Pipeline Utilities
Meta-extractors for combining, selecting, and orchestrating extraction strategies.
Pipeline Utilities
Overview
Pipeline utility extractors don’t extract text themselves. Instead, they coordinate other extractors to:
Try multiple extractors and select the best result
Override extraction for specific items
Chain extractors sequentially
Implement fallback strategies
Route items to different extractors
Available Extractors
Selection Extractors
select-text
Selects the first successful extractor from a list.
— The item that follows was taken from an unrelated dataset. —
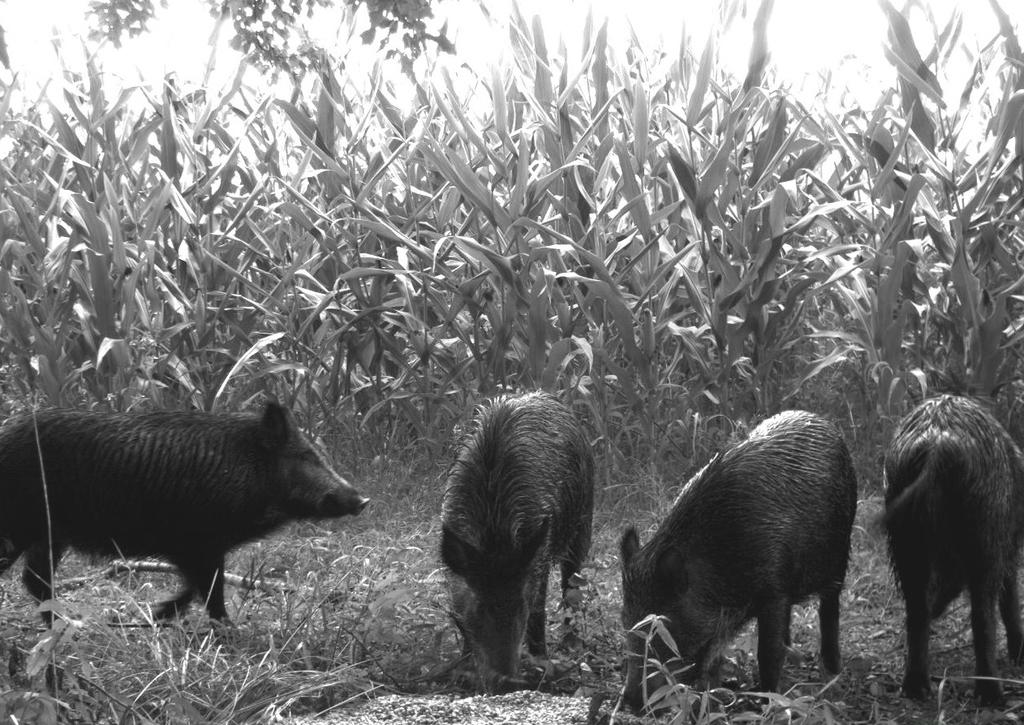What animals are present in the image? There are pigs in the image. What are the pigs doing in the image? The pigs are eating grass in the image. What can be seen in the background of the image? There are plants in the background of the image. What type of home design is depicted in the image? There is no home or design present in the image; it features pigs eating grass with plants in the background. 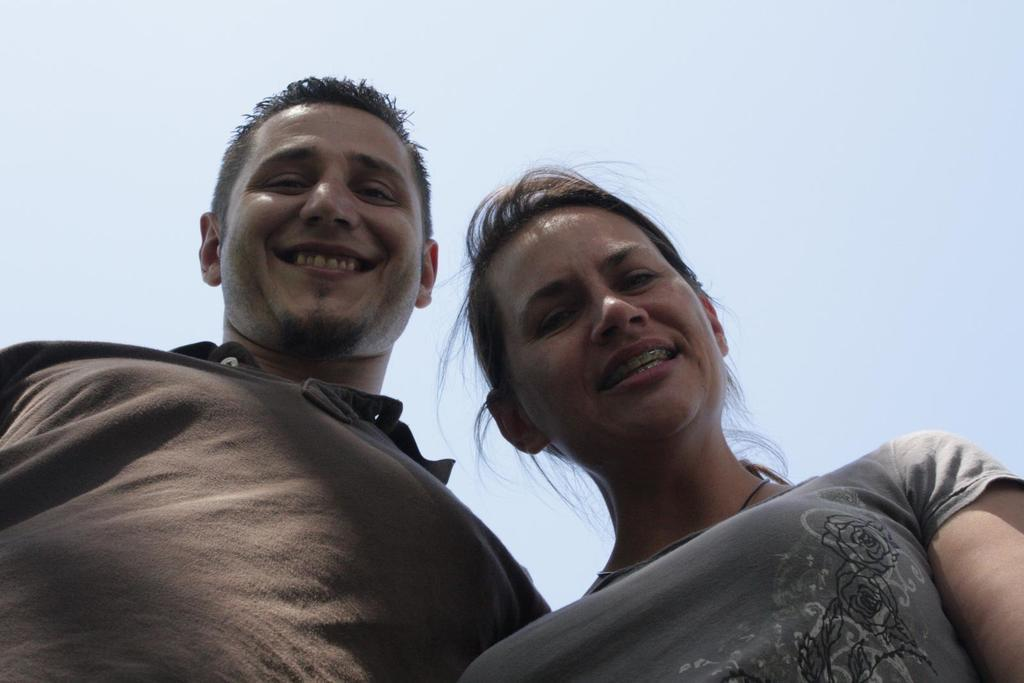What is the gender of the person in the image? There is a man and a woman in the image. What expression do the people in the image have? The man and the woman are both smiling. What type of coil is being used by the queen in the image? There is no queen or coil present in the image; it features a man and a woman who are both smiling.

Use case: Fallback chain (try extractor A, fall back to B, then C)
extractor_id: select-text
config:
extractors:
- pdf-text
- ocr-rapidocr
- markitdown
select-longest-text
Runs all extractors and selects the longest output.
Use case: Maximize extracted content when multiple strategies work
extractor_id: select-longest-text
config:
extractors:
- pdf-text
- markitdown
- unstructured
Override Extractors
select-override
Overrides extraction for specific items by ID.
Use case: Manual overrides for problematic documents
extractor_id: select-override
config:
default_extractor: pdf-text
overrides:
- item_id: abc123
extractor: ocr-rapidocr
select-smart-override
Routes items to different extractors based on media type patterns.
Use case: Automatic routing by document type
extractor_id: select-smart-override
config:
default_extractor: pdf-text
overrides:
- media_type_pattern: "image/.*"
extractor: ocr-rapidocr
- media_type_pattern: "audio/.*"
extractor: stt-deepgram
Composition Extractor
pipeline
Chains multiple extractors sequentially, concatenating results.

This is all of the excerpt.